##### SUPPLIED DATA #####

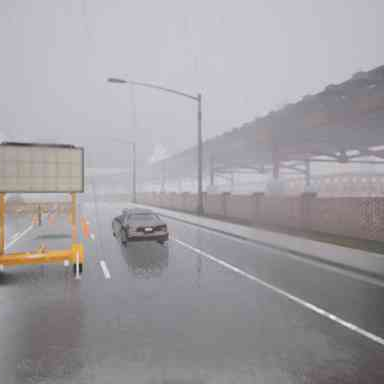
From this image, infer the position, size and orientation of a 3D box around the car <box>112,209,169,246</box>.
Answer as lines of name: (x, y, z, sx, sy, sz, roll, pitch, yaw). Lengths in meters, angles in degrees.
car: (-2.518, 1.491, 15.204, 2.033, 1.411, 5.357, 0, 0, -19)

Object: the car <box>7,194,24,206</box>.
car: (-26.534, 1.163, 50.116, 2.097, 1.767, 4.553, 0, 0, -24)

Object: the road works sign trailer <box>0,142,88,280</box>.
road works sign trailer: (-4.320, 0.429, 9.448, 2.380, 3.560, 2.880, 0, 0, -19)

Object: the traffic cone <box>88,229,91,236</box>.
traffic cone: (-5.227, 1.894, 16.553, 0.340, 0.580, 0.340, 0, 0, -19)
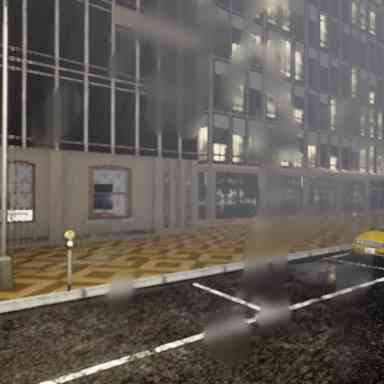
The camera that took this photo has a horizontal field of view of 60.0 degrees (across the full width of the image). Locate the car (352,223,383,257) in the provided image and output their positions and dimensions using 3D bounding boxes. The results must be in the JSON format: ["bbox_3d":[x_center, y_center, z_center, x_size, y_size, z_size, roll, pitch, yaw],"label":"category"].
[{"bbox_3d":[7.640,1.552,12.006,4.829,1.417,1.752,0,0,-35],"label":"car"}]
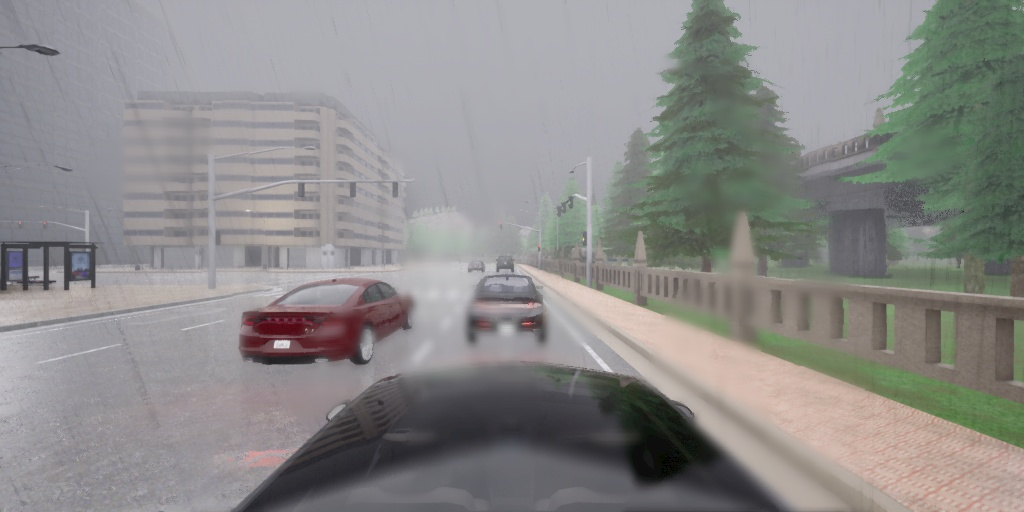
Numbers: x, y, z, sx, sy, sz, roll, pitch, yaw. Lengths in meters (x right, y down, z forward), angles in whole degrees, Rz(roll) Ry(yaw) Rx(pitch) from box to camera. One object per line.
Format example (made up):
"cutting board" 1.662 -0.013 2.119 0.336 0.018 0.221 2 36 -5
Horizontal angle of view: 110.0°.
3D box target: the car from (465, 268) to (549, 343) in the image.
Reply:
"car" -0.128 1.242 9.631 2.128 1.511 4.902 0 0 -1

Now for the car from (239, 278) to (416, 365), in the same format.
"car" -3.596 1.228 8.069 1.882 1.535 5.008 0 0 0

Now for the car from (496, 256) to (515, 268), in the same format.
"car" -0.867 0.972 45.321 2.150 2.045 5.566 0 0 -1

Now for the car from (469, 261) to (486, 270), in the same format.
"car" -4.370 1.298 45.016 2.033 1.411 5.357 0 0 -1
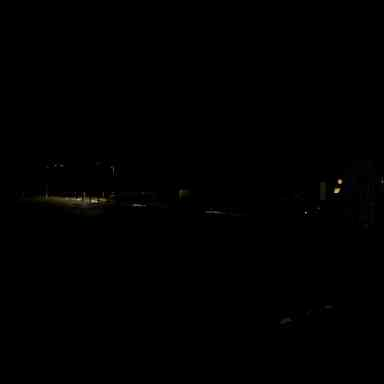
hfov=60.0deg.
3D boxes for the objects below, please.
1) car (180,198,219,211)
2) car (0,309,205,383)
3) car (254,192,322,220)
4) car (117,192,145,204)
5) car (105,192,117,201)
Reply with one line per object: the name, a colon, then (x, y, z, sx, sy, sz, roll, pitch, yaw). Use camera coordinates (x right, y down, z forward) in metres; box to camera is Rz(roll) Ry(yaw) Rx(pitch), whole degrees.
car: (0.755, 1.306, 35.844, 1.895, 1.301, 4.718, 1, 0, -36)
car: (-1.973, 1.525, 1.645, 4.674, 1.442, 1.812, 0, 0, -35)
car: (7.497, 1.044, 26.627, 2.150, 2.045, 5.566, 1, 0, -36)
car: (-8.703, 1.027, 48.848, 2.128, 1.511, 4.902, 1, 0, -36)
car: (-14.292, 0.769, 61.435, 2.097, 1.767, 4.553, 1, 0, -36)
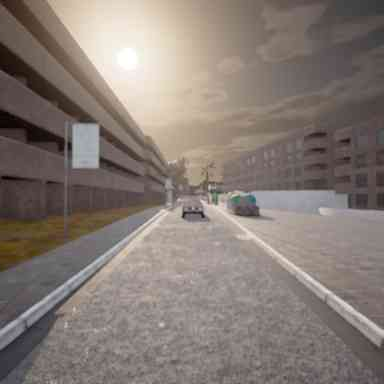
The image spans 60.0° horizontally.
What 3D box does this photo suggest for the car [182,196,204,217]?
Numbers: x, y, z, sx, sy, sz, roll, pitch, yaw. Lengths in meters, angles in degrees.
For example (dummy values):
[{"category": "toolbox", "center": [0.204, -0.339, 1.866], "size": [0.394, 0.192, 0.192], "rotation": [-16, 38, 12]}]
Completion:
[{"category": "car", "center": [0.095, 1.346, 28.514], "size": [2.033, 1.411, 5.357], "rotation": [0, 0, 0]}]

#####

GOAL OF THE EXERCISE: Please report the number of lines in this material holding the word "Numbers", and add no other words.

ANSWER BELOW: 2